TASK DESCRIPTION:
Lines after the one containing "extrude(amount=BOSS_EXTRUDE1_DEPTH, both=True)" are to be omitted; print exactly each line from the start of the records up to and including it.
-- RECORD EXCERPTS follows --
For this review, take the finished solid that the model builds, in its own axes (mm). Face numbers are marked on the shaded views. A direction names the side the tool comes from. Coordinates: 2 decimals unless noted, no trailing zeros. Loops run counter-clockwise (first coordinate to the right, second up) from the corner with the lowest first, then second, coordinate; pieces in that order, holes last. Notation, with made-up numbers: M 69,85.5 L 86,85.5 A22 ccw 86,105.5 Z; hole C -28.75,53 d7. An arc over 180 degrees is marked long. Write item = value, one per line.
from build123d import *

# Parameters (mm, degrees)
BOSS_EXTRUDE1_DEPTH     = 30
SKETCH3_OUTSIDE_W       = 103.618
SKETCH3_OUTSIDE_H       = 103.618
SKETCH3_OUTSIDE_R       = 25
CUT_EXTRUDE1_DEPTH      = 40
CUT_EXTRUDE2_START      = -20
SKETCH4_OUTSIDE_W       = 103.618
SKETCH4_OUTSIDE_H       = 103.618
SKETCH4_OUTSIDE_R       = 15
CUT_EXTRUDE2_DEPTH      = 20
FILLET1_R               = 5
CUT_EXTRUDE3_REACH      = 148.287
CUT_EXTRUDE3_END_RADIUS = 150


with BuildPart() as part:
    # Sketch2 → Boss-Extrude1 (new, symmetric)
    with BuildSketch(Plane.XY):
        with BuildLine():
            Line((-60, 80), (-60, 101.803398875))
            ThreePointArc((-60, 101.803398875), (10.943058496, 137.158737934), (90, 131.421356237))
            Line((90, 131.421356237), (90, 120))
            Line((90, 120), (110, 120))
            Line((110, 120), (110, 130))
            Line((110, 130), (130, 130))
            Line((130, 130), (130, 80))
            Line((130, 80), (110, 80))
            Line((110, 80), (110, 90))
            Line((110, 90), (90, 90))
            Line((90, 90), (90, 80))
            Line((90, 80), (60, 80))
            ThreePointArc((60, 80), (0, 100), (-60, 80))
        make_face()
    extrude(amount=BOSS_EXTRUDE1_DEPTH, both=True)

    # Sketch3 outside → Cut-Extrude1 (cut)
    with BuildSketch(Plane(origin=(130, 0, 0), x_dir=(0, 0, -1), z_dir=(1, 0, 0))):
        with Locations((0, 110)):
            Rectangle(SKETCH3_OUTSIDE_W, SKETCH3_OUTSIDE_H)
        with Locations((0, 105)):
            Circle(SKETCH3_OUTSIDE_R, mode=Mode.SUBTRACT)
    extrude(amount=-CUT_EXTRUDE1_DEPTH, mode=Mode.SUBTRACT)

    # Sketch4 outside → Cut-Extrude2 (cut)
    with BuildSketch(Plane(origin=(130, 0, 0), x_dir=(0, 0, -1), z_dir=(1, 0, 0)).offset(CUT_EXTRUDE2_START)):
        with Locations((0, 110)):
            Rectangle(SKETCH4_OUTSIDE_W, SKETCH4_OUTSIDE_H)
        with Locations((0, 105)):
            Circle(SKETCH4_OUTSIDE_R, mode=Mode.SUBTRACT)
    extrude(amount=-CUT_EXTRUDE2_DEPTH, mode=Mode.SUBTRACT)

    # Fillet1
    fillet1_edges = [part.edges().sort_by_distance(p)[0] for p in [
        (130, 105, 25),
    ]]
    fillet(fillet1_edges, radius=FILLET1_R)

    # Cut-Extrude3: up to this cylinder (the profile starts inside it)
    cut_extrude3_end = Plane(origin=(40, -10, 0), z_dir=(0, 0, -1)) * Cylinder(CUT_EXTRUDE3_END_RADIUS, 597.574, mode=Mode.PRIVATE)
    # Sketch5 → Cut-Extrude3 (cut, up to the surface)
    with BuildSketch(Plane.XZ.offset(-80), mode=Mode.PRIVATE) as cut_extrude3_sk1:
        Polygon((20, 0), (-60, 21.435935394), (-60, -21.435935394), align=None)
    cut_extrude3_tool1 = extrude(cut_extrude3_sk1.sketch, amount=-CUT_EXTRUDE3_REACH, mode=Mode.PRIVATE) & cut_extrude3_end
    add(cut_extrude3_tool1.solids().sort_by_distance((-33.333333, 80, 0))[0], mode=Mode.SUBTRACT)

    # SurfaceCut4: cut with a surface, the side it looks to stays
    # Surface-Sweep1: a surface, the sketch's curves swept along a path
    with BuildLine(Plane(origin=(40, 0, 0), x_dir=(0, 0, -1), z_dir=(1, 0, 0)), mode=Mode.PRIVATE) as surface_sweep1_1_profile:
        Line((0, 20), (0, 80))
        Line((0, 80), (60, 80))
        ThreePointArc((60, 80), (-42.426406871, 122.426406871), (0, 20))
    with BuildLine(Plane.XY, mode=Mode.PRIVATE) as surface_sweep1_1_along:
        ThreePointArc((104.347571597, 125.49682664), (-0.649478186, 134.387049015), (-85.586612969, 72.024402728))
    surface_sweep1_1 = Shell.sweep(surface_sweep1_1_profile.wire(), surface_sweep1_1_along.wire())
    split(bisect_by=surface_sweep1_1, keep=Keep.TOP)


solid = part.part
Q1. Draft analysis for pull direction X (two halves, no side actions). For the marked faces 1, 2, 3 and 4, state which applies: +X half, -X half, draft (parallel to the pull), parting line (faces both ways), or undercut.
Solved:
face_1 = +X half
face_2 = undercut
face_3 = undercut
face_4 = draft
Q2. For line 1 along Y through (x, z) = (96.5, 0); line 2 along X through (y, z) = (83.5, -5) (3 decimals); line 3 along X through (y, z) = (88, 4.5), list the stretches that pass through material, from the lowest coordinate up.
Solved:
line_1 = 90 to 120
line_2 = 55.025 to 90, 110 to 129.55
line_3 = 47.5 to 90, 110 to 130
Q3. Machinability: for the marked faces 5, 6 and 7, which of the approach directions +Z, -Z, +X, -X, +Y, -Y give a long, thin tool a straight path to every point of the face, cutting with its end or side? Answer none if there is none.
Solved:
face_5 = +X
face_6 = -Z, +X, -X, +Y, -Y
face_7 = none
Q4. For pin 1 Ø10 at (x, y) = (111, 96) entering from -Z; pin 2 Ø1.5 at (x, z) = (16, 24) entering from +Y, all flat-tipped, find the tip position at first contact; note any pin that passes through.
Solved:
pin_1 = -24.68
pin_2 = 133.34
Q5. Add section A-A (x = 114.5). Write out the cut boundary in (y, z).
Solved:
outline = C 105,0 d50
-- RECORD EXCERPTS concluded --
TASK OUTPUT:
For this review, take the finished solid that the model builds, in its own axes (mm). Face numbers are marked on the shaded views. A direction names the side the tool comes from. Coordinates: 2 decimals unless noted, no trailing zeros. Loops run counter-clockwise (first coordinate to the right, second up) from the corner with the lowest first, then second, coordinate; pieces in that order, holes last. Notation, with made-up numbers: M 69,85.5 L 86,85.5 A22 ccw 86,105.5 Z; hole C -28.75,53 d7. An arc over 180 degrees is marked long. Write item = value, one per line.
from build123d import *

# Parameters (mm, degrees)
BOSS_EXTRUDE1_DEPTH     = 30
SKETCH3_OUTSIDE_W       = 103.618
SKETCH3_OUTSIDE_H       = 103.618
SKETCH3_OUTSIDE_R       = 25
CUT_EXTRUDE1_DEPTH      = 40
CUT_EXTRUDE2_START      = -20
SKETCH4_OUTSIDE_W       = 103.618
SKETCH4_OUTSIDE_H       = 103.618
SKETCH4_OUTSIDE_R       = 15
CUT_EXTRUDE2_DEPTH      = 20
FILLET1_R               = 5
CUT_EXTRUDE3_REACH      = 148.287
CUT_EXTRUDE3_END_RADIUS = 150


with BuildPart() as part:
    # Sketch2 → Boss-Extrude1 (new, symmetric)
    with BuildSketch(Plane.XY):
        with BuildLine():
            Line((-60, 80), (-60, 101.803398875))
            ThreePointArc((-60, 101.803398875), (10.943058496, 137.158737934), (90, 131.421356237))
            Line((90, 131.421356237), (90, 120))
            Line((90, 120), (110, 120))
            Line((110, 120), (110, 130))
            Line((110, 130), (130, 130))
            Line((130, 130), (130, 80))
            Line((130, 80), (110, 80))
            Line((110, 80), (110, 90))
            Line((110, 90), (90, 90))
            Line((90, 90), (90, 80))
            Line((90, 80), (60, 80))
            ThreePointArc((60, 80), (0, 100), (-60, 80))
        make_face()
    extrude(amount=BOSS_EXTRUDE1_DEPTH, both=True)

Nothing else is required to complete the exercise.